Também temos a experiência de um anseio profundo que nos move, de um desejo de felicidade que, mesmo parecendo as vezes impossível, continua gritando alto e nos impulsionando. Somos pessoas continuamente em busca e em crescimento!

Então… As afirmações acima são verdadeiras.

A vida é uma jornada que acontece e nos envolve por inteiro: pensamentos, sentimentos, aptidões, desejos. As vezes “corre” sem pedir licença sim, mas não sem sentido. Existe uma direção, um propósito. Sentimo-nos atraídos por aquilo que é belo, verdadeiro, bom e isso nos ajuda a não desistir, mesmo nas dificuldades. Esta atração é a voz de Deus que chama cada um à plenitude da vida. Você não está neste mundo por acaso nem à mercê de acontecimentos aleatórios, muito pelo contrário: a sua vida é vocação e missão.

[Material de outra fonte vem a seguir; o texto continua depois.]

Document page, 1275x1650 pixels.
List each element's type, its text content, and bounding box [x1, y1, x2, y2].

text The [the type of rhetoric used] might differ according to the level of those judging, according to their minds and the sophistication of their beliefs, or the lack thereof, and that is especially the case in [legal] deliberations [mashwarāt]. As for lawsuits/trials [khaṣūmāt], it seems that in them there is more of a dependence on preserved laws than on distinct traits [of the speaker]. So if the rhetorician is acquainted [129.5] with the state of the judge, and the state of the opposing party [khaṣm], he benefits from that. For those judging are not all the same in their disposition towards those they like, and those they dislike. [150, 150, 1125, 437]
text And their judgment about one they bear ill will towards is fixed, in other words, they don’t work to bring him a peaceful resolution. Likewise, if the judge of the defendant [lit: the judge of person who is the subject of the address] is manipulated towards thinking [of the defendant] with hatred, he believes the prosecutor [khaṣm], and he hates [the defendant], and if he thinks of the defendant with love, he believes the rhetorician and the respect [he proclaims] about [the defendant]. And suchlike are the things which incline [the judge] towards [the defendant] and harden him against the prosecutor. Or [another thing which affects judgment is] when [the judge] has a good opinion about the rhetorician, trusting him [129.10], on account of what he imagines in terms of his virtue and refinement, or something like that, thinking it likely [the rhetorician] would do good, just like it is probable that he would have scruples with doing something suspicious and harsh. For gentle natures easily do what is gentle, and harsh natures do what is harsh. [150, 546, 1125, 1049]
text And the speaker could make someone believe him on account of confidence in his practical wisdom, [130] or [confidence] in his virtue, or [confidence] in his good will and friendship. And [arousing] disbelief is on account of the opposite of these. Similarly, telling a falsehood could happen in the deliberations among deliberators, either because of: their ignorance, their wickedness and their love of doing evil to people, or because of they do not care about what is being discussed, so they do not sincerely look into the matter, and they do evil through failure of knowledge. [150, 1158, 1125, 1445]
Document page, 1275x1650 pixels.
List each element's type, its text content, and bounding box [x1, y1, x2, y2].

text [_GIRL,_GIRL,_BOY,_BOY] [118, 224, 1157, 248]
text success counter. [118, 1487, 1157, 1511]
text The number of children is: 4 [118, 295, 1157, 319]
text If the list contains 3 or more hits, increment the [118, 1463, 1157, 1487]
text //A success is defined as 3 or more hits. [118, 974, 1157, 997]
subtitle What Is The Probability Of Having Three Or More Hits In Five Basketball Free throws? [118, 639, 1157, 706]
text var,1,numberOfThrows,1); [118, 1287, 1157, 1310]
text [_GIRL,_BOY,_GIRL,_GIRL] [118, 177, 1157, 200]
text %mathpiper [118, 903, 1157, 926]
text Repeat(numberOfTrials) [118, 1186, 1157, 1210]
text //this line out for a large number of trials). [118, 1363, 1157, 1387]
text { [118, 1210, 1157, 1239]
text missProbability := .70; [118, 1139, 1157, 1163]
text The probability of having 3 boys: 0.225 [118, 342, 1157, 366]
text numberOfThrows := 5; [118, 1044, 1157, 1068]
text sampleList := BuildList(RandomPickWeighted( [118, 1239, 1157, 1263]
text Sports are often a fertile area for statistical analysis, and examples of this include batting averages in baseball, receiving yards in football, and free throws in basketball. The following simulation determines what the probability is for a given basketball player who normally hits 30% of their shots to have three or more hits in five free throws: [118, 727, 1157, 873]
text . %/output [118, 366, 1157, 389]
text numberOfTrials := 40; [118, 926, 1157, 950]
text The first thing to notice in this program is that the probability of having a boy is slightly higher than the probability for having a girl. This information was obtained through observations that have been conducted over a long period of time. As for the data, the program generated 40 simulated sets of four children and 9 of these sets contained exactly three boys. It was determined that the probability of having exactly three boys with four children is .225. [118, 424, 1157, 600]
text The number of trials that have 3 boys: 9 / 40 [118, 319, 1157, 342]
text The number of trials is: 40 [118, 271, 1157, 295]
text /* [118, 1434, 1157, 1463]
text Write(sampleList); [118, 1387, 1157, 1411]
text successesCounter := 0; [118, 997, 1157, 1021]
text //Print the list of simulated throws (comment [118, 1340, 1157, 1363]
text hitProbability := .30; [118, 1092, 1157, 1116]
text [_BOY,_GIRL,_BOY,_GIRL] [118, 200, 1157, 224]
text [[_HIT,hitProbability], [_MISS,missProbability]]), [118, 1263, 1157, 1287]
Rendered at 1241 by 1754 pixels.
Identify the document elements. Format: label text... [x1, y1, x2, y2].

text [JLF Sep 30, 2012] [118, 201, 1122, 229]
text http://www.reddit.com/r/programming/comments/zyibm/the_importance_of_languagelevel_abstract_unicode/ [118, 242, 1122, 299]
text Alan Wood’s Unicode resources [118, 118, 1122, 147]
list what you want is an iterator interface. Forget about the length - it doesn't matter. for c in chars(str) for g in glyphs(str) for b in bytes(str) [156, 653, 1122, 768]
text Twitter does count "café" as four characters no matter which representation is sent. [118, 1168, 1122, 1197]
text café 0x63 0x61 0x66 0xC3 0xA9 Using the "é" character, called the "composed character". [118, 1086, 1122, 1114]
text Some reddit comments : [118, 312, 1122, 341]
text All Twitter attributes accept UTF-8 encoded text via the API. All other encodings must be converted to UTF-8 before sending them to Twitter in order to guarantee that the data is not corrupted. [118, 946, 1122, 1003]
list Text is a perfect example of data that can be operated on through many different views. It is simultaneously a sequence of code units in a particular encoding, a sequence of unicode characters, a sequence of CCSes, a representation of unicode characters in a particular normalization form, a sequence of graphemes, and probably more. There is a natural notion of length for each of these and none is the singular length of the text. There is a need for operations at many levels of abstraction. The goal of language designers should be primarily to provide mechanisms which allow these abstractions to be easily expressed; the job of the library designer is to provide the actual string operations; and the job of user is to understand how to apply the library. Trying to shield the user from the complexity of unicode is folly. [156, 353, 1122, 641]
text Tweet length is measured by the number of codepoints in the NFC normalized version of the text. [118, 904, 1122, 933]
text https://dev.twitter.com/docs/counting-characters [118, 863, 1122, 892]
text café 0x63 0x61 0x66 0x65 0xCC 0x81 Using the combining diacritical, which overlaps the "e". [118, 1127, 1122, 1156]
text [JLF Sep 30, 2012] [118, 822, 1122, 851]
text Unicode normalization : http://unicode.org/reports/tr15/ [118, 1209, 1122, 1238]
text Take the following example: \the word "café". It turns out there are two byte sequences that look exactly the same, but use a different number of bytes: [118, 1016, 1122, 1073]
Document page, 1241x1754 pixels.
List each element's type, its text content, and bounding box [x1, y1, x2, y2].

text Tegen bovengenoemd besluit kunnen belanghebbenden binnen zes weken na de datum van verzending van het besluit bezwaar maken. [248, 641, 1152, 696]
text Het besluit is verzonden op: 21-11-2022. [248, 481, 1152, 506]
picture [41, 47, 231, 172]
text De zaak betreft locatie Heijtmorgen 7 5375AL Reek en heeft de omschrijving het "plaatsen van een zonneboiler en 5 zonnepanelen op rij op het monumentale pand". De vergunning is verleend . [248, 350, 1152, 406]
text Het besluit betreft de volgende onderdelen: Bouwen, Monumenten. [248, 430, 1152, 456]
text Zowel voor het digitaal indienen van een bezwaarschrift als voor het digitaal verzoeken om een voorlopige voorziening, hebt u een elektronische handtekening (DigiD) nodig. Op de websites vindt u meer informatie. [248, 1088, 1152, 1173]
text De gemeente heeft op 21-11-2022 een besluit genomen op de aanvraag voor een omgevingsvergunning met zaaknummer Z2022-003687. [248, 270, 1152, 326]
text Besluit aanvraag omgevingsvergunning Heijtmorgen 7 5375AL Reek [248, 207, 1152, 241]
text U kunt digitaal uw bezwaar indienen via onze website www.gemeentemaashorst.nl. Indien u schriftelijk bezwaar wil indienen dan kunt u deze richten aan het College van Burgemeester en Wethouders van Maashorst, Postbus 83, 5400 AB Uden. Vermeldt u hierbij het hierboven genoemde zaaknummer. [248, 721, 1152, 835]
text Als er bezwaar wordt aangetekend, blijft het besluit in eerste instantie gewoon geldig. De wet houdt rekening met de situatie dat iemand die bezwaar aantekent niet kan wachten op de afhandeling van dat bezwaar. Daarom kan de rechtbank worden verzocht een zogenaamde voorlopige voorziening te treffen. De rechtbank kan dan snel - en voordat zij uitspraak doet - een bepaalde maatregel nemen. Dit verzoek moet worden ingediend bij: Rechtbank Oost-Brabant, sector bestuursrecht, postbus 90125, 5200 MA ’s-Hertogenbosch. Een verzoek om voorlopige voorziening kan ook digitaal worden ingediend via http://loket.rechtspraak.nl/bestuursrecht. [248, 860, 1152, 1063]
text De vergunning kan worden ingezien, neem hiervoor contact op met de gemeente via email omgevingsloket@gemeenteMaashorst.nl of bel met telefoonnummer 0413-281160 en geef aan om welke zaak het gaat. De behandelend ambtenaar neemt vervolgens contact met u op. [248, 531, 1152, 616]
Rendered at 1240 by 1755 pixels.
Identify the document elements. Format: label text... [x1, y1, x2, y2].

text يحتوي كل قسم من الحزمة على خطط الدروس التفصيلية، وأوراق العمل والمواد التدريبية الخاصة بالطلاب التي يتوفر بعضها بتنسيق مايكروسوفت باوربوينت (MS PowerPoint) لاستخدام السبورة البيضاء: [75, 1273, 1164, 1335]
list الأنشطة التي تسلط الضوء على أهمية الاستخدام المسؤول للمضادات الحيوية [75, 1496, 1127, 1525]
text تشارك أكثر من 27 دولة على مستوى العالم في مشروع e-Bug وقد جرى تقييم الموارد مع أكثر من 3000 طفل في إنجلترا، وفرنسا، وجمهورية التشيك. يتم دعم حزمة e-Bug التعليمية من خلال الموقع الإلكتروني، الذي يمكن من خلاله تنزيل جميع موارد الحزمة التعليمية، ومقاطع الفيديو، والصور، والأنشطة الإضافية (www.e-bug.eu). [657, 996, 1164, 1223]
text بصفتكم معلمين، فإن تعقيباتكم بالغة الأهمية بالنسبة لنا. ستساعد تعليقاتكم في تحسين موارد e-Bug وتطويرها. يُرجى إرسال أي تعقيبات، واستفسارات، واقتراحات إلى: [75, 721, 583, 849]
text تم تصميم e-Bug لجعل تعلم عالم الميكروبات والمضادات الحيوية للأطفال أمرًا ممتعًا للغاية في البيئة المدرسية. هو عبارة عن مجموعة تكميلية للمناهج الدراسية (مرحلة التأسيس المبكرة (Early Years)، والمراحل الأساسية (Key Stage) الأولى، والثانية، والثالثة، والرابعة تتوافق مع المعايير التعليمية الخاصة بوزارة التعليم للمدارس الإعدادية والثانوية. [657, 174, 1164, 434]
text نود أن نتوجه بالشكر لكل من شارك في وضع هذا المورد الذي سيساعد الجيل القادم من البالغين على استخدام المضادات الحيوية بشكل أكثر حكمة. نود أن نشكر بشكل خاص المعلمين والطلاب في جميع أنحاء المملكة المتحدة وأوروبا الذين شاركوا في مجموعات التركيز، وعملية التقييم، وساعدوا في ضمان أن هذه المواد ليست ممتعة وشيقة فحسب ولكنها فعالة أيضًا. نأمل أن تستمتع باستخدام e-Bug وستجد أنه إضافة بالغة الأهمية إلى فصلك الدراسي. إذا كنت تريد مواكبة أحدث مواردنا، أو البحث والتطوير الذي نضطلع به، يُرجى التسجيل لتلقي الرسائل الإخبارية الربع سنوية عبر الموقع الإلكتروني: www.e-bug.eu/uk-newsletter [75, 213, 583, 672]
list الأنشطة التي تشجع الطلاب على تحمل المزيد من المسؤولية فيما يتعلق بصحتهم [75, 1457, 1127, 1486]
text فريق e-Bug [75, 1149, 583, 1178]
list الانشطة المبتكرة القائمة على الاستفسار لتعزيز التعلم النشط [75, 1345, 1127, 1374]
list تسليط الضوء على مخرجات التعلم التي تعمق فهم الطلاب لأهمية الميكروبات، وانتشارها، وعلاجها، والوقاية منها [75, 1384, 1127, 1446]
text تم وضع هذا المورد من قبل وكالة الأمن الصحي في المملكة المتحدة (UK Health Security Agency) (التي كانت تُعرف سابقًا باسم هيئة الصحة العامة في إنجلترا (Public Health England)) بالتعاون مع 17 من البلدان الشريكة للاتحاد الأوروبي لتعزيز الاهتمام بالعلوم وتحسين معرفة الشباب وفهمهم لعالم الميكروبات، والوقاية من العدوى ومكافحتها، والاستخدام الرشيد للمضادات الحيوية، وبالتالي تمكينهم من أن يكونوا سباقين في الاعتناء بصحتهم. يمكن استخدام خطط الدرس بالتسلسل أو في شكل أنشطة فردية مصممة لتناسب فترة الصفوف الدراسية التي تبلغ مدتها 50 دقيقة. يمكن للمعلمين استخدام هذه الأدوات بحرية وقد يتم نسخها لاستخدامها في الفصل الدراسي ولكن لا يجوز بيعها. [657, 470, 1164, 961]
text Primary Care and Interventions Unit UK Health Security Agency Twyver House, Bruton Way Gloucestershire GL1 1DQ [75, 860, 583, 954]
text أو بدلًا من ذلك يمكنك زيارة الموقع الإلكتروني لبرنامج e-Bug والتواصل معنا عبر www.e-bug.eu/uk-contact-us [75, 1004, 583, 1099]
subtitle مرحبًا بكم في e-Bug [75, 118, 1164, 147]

Papa Francisco diz com convicção e entusiasmo: “Eu sou uma missão nesta terra, e para isso estou neste mundo. É preciso considerarmo-nos como que marcados a fogo por esta missão de iluminar, abençoar, vivificar, levantar, curar, libertar. Nisto uma pessoa se revela enfermeira no espírito, professor no espírito, político no espírito…, ou seja, pessoas que decidiram, no mais íntimo de si mesmas, estar com os outros e ser para os outros”. (Evangelii Gaudium 273)

Como viver tudo isso? Como descobrir o que você pode e deseja oferecer para este mundo? A chave, está em uma palavra: Discernimento.

Esta palavra, talvez difícil e um pouco assustadora, revela um exercício muito valioso: a prática de olhar aquilo que acontece dentro e ao redor de você para fazer escolhas em sintonia com a vontade de Deus que, como e mais do que você, deseja que você apreenda a fazer escolhas livres e criativas que fazem crescer.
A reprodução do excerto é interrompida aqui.